Before we go further, let’s look at the test results for caching Java objects now. For Java objects caching, I ran tests for 100K, 500K, 1 million, 2 million, and 5 million entries, since each Java object is much smaller than the 10KB data we used in previous test. The following results are for off-heap storage:
count=100000; size=100000; write=4336; read=4475
count=500000; size=500000; write=16060; read=19291
count=1000000; size=1000000; write=29587; read=36663
count=2000000; size=2000000; write=57830; read=73778
count=5000000; size=4777740; write=147139; read=178364
Ok, what’s wrong with last line? We set to create 5 million entries, and after we entered 5 million entries into the map, the map size showed only 4,777,740 entries. Well, in the code above, we have set the max size for the hash map to be 5 million entries, and when we hit the limit, the eviction policy kicked in. Using the LRU (least recently used) algorithm, some entries (2% as set in our code) have been evicted. Nevertheless, I was a bit surprised how early the eviction process kicked in.
Therefore, the write time in the last line is for writing 5 million entries, and the read time is for reading only 4,777,740 entries.
In the test above, there’s another thing that we want to plan carefully, when we use off-heap memory for caching Java objects. We set the chunk size to 1KB in our configuration, but the Java objects that we put in the cache is significantly smaller than 1KB. Therefore, in this case, we have wasted quite a bit of memory. We can certainly set the chunk size to a smaller value, but in the cost of more management overhead.

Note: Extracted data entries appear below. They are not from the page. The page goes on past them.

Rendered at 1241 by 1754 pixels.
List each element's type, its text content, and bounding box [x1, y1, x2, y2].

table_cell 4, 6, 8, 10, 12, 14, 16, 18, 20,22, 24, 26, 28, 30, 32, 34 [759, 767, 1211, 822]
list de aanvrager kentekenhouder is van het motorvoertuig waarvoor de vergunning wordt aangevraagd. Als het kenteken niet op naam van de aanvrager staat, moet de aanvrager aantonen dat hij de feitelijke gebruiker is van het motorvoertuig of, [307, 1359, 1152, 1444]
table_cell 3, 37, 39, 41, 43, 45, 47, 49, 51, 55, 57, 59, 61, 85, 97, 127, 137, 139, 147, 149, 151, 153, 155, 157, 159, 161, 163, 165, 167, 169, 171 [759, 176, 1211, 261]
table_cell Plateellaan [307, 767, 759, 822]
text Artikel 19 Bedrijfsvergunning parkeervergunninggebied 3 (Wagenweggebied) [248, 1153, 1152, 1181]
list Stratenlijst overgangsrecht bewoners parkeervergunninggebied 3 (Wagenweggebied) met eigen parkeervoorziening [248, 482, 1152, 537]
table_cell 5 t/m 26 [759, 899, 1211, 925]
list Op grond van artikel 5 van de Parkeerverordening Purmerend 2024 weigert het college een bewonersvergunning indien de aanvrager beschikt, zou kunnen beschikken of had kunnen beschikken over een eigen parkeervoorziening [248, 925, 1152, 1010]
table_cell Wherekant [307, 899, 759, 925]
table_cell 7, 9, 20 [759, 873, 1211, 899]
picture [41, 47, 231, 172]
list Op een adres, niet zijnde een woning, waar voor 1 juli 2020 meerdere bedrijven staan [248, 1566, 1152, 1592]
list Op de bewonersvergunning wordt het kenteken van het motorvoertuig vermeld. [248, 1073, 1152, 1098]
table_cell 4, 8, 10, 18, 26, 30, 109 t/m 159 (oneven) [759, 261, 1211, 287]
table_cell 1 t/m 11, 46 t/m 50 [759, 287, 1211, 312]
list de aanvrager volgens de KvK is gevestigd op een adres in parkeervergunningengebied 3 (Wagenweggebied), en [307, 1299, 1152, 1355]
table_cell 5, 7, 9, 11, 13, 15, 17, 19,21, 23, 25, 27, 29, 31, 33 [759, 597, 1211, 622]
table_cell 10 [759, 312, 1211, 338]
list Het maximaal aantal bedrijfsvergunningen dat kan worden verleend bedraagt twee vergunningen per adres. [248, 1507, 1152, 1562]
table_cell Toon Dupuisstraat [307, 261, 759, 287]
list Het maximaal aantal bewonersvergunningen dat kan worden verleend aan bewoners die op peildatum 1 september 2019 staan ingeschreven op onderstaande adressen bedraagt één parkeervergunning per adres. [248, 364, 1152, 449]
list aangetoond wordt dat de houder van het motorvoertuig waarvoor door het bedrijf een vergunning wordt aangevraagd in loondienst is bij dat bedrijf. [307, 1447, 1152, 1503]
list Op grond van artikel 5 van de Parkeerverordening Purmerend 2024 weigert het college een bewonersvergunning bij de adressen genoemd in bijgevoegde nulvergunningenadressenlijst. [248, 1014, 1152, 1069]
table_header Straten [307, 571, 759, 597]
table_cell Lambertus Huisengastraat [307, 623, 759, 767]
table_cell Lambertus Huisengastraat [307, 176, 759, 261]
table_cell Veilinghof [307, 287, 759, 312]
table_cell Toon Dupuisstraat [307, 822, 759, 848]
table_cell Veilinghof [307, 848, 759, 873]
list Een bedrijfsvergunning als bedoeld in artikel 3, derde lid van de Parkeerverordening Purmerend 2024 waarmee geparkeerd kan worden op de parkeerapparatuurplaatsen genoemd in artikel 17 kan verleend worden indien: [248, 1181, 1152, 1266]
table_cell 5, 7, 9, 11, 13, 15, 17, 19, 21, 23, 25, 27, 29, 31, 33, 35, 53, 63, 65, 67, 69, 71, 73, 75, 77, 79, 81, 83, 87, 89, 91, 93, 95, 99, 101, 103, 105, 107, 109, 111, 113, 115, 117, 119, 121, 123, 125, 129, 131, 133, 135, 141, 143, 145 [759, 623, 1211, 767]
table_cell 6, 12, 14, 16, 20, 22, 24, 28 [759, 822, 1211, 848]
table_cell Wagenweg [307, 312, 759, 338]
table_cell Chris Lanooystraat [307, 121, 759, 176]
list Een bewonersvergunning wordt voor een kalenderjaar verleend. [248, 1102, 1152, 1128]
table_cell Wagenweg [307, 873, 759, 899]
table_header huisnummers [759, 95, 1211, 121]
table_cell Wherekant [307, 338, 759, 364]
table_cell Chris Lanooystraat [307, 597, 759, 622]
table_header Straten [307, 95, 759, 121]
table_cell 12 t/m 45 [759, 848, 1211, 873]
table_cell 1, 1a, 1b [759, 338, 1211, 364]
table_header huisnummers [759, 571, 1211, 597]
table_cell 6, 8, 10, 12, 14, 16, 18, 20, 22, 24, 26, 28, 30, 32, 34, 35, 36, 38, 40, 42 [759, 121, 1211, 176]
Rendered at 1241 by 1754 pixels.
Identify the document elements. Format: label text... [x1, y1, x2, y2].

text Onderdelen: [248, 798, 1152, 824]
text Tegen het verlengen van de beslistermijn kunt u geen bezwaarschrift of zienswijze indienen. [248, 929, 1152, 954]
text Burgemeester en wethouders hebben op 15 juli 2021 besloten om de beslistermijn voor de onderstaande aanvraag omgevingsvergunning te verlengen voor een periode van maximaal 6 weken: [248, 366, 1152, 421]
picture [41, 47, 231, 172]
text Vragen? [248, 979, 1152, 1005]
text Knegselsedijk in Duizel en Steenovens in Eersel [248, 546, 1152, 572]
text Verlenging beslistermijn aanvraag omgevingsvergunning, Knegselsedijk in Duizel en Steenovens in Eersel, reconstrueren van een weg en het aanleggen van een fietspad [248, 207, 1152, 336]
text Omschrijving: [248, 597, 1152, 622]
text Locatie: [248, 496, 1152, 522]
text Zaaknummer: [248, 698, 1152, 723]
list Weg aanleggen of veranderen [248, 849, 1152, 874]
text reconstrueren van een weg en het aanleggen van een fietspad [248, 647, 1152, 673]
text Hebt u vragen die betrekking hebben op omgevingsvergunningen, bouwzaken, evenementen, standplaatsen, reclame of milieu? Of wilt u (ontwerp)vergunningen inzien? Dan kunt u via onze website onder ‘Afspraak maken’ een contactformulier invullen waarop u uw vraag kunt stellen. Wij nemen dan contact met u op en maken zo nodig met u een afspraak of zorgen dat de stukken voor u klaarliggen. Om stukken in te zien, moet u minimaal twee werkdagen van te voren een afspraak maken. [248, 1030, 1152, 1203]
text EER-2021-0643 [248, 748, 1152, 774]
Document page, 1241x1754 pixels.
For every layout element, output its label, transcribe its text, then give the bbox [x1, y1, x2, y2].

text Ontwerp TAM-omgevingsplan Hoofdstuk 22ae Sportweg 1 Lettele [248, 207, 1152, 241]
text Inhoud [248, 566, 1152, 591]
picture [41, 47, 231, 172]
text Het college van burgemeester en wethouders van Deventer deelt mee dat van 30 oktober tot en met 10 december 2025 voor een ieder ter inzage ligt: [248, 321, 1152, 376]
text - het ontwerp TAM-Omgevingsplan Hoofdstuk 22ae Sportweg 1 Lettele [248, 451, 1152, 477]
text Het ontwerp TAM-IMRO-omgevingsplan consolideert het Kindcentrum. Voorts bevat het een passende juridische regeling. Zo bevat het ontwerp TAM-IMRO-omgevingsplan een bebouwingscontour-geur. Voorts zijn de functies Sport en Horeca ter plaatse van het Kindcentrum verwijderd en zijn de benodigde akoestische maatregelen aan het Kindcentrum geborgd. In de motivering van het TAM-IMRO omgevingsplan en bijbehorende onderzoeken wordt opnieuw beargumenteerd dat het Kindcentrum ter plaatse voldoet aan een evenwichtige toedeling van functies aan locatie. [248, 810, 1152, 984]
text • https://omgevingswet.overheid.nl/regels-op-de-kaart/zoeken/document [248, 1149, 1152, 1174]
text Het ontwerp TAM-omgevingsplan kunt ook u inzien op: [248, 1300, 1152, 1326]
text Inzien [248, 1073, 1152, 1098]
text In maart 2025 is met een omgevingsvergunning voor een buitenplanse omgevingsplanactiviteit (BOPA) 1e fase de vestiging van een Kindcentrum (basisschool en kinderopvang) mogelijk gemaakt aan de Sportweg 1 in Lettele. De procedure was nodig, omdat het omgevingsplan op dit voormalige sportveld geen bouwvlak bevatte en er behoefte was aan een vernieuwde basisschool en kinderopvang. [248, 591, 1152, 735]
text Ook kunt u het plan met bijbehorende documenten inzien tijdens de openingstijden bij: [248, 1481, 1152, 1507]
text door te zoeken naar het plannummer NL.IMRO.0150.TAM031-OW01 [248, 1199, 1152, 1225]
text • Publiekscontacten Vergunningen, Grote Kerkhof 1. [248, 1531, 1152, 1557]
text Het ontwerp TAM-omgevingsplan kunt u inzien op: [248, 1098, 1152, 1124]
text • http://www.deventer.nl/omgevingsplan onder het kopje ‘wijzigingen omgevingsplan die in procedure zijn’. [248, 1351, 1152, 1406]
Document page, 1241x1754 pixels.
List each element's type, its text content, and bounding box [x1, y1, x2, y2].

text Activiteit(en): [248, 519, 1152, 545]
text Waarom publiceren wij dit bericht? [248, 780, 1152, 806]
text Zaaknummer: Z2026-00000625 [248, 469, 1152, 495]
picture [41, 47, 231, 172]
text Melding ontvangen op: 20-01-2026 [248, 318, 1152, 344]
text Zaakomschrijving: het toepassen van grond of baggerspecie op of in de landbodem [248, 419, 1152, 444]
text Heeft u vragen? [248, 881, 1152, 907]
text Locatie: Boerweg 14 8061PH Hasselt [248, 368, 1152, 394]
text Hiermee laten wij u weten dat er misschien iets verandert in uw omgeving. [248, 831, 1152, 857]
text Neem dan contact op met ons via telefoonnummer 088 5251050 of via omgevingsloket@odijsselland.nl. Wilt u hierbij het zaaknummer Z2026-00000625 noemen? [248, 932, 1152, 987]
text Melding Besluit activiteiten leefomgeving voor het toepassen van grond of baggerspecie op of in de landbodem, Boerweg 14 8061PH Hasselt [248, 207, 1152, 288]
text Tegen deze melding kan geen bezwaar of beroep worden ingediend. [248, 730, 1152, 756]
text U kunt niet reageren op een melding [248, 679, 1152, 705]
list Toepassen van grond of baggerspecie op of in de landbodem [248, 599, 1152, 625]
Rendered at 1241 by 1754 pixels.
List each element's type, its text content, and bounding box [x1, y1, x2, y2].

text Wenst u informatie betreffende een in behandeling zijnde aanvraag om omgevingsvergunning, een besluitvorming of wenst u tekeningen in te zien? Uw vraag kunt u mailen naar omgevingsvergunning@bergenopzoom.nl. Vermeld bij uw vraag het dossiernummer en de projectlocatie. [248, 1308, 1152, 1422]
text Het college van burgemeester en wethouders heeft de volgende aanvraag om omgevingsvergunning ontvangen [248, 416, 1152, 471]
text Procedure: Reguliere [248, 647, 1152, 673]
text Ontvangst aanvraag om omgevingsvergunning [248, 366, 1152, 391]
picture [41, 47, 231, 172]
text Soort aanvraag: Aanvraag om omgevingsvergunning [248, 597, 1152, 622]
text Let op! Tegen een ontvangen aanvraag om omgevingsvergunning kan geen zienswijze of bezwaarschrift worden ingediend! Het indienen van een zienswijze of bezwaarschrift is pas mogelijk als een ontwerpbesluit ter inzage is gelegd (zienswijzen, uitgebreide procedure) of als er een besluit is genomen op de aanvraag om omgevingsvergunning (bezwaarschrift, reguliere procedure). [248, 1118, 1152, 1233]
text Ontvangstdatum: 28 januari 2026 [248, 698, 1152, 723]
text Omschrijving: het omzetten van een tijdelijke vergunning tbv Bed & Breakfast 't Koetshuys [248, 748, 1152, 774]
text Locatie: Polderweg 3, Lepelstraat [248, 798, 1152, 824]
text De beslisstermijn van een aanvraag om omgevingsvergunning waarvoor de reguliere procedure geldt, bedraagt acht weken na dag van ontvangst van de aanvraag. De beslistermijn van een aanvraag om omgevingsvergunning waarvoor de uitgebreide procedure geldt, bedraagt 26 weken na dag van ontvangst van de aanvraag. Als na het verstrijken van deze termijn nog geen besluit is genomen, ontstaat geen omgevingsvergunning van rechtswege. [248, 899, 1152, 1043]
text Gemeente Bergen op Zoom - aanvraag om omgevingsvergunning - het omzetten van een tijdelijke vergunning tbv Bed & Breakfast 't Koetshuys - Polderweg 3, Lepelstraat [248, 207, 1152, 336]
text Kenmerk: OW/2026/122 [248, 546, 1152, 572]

And here are the results for on-heap storage:
count=100000; size=100000; write=4084; read=3998
count=500000; size=500000; write=14763; read=19074
count=1000000; size=1000000; write=29877; read=36636
count=2000000; size=2000000; write=59254; read=73251
count=5000000; size=4712401; write=141923; read=167874
Ah, as we can see, storing Java objects in off-heap memory is slower. Well, this is, somewhat, not a surprise, as the Java object must be serialized before storing into off-heap memory, and must be deserialized when it is read back. We used the default serialization mechanism provided by Java in this test, which might not be the most efficient way. It would be interesting to compare with other serialization mechanisms.
It would be also interesting to see how Hazelcast behaves when we reach tens of millions, or even hundreds of millions, of entries. Again, I don’t have the hardware necessary to perform the test.
Like I said from the beginning, this test is far from scientific. I did the test to get an idea of how well my own implementation of off-heap storage for Hazelcast performs. The implementation in the Hazelcast enterprise version might have a more efficient algorithm, and the test results might be completely different. Besides, the enterprise version also comes with a very nice management console (ok, that is just my impression from the published documentation and screenshots, I have no first-hand experience).
Another lesson learned is, using off-heap storage is better for storing objects that are larger than 1KB, or whatever chunk size you decide to use. Obviously, you need to find a balance between management overhead and memory wasting.
At the end, Hazelcast is a very nice framework to use in your project. Simple, elegant.